Il y avait Laurel et Hardy, Starsky et Hutch, Murtaugh et Riggs, Jack Cates et Reggie Hammond… il y a aussi Bob et Sulli. Comment le yéti bleu turquoise et son acolyte cyclopéen sont-ils devenus les meilleurs amis du monde et la terreur d’élite de Monstropolis ? À cette question, le prequel de Monstres et Cie répond un peu scolairement. Normal me direz-vous, si l’on considère le décor de leur rencontre, sorte d’Harvard de la peur où on apprend à effrayer les enfants, la Monstres Academy. Si on ne boude pas notre plaisir à retrouver nos monstres préférés, il faut bien avouer que le film est un peu trop sage pour devenir le premier de la classe Pixar.
Quand certains gamins rêvent de devenir pompier ou astronaute, le petit Bob Razowski (Mike en VO) n’a qu’un rêve : apeurer les enfants et ainsi accomplir son destin de monstre. Problème : la minuscule boule verte flanquée d’un appareil dentaire n’a rien de très effrayant. L’être et le paraître, parfois, ne coïncident pas. Il parvient néanmoins à intégrer la Monstres Academy, prestigieuse université où l’on forme les terreurs de demain. Quand le studieux Bob se transforme en élève modèle, Jacques Sullivan le surdoué jouit d’un célèbre nom de famille de l’effroi qui suffit à attirer vers lui des regards admiratifs. Aveuglés par leur confiance, ils finissent par se faire renvoyer du programme, contraints de s’associer pour remporter un concours de fraternités afin de prouver qu’ils ont bien leur place à la Monstres Academy. Éloge du mérite et de l’entraide, le dernier Pixar parodie le film de campus et le buddy movie, quand Monstres et Cie retournait avec délice les codes de l’épouvante pour transformer l’enfant en chose toxique, effroyable machine à tuer.

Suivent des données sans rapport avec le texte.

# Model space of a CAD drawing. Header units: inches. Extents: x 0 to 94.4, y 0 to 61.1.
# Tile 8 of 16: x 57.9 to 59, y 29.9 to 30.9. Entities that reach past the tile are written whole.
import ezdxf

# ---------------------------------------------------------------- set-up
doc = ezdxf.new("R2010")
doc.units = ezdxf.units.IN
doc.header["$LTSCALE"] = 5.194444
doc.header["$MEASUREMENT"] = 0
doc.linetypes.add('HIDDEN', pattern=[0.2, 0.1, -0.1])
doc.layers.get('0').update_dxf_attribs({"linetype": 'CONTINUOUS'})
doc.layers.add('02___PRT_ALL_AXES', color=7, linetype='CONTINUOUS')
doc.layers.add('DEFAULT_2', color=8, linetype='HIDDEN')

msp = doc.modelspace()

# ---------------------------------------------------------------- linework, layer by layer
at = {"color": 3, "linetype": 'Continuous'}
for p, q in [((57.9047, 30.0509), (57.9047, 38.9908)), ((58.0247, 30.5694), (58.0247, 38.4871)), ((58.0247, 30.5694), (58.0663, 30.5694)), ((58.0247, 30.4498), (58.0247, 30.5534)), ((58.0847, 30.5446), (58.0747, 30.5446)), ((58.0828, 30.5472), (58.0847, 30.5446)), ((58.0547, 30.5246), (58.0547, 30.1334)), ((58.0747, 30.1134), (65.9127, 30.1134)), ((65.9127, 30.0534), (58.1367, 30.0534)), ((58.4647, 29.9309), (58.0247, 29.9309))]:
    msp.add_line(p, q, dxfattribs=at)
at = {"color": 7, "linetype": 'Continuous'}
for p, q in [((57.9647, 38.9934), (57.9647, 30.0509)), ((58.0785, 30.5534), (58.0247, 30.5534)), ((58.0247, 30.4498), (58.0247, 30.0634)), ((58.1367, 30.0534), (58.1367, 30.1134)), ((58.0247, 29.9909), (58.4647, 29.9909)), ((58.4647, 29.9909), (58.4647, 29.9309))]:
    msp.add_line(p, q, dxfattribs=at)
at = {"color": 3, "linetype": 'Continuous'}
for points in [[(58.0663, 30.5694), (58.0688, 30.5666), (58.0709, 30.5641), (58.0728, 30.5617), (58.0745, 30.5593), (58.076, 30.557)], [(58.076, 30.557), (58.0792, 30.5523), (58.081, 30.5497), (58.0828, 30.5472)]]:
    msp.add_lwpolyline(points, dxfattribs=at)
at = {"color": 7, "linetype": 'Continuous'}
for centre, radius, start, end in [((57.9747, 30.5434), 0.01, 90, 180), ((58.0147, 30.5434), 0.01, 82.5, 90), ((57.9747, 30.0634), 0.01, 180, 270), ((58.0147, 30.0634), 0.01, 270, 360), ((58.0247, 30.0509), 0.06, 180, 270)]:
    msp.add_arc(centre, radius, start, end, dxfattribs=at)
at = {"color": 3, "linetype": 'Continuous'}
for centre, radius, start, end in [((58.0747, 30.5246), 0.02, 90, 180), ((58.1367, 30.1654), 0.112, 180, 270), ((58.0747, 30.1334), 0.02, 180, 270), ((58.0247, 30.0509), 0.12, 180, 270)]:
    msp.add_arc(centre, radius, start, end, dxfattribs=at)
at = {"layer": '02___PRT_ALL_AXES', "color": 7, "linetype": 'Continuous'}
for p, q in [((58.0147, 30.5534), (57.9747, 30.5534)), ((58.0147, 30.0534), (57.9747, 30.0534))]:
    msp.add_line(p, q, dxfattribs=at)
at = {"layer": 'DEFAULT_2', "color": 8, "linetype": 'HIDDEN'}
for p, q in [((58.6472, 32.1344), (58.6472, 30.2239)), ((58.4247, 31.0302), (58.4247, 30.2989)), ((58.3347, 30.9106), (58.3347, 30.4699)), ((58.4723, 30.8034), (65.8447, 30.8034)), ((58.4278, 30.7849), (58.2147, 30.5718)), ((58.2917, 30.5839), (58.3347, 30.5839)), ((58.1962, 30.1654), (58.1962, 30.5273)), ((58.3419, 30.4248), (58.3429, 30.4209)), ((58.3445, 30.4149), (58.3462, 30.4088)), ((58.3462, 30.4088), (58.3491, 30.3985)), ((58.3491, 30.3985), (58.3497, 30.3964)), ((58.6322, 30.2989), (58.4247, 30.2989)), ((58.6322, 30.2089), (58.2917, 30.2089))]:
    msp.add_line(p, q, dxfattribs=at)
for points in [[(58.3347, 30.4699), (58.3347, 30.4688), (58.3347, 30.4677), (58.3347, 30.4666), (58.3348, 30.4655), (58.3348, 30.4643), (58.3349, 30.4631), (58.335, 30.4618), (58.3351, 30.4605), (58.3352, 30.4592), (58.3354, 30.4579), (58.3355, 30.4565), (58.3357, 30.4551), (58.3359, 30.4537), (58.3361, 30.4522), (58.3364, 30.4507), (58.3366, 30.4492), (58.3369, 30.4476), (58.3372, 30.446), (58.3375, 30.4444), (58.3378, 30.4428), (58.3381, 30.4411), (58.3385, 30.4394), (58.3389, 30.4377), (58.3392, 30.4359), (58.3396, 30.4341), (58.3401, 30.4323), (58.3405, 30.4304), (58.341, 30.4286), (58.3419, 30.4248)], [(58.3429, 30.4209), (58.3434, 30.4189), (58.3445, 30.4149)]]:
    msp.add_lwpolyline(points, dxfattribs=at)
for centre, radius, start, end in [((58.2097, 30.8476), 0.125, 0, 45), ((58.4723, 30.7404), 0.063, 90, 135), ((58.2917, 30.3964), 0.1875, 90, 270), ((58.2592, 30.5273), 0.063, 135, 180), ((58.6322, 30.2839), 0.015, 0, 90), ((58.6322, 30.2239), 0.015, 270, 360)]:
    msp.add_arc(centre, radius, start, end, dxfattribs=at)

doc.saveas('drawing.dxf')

Les films Pixar excellent à donner des leçons d’humanité au genre humain en son absence. Monstres et Cie rejetait l’homme dans un hors-champ nuisible qu’on ne pouvait pénétrer qu’avec prudence et excellence, à la faveur de portes qui ouvraient sur tous les possibles. À l’inverse de cet art savant de la fuite, Monstres Academy déploie sa narration dans un univers clos sur lui-même qui sied idéalement à l’instauration d’un monde parallèle imaginaire autant qu’il le scelle jusqu’à son accomplissement moral. Régi par ses propres lois, le campus est un espace de transition à la temporalité suspendue, une véritable micro-société autonome, ultra hiérarchisée, où chacun devra trouver sa place, qu’il mesure cinq mètres ou quelques centimètres, qu’il possède des dizaines d’yeux ou deux têtes, quelle que soit sa couleur. Le college movie devient le cadre rêvé à la bigarrure hétéroclite dont Pixar a toujours eu le goût (associant déjà, dans Toy Story, un robot et un cow-boy), portant sa joyeuse galerie dépareillée de Gloubinours polychromes et de personnages multiformes jusqu’à l’harmonisation des discordances. À travers les épreuves, les désillusions et les petits triomphes, l’espace utopique de l’université devient celui de l’expérience de la tolérance et de la fraternité, au risque d’une écriture schématique qui porte notre improbable tandem, prequel oblige, vers une cohabitation gagnée d’avance. De là un mécanisme scénaristique sans surprises, qui élimine peu à peu les autres fraternités pour porter les Oozma Kappa, gentils loosers menés par Bob et Sulli, vers une victoire obligée.
S’il est aussi parfaitement huilé que les Cars écrits par Dan Scanlon (aux commandes de ce long-métrage, en remplacement de Pete Docter pour le premier épisode), le récit lancé en mode automatique souffre un peu de l’absence de ces brèches poétiques qui faisait la magie gracieuse de Monstres et Cie. À l’image du petit Bob, Monstres Academy applique sagement la recette du buddy movie : un duo masculin que tout oppose, tant physiquement que moralement, mais qui va devoir s’entendre pour les besoins d’un scénario ficelé comme un rôti prêt à mettre au four ; de l’action pour rassasier le spectateur ; de l’humour pour relever le tout, même si sur ce point le film manque un peu de piquant. Reste néanmoins une belle apologie de l’amitié, portée par une mise en scène aussi vive que les couleurs qui pétillent gaiement sur chaque plan.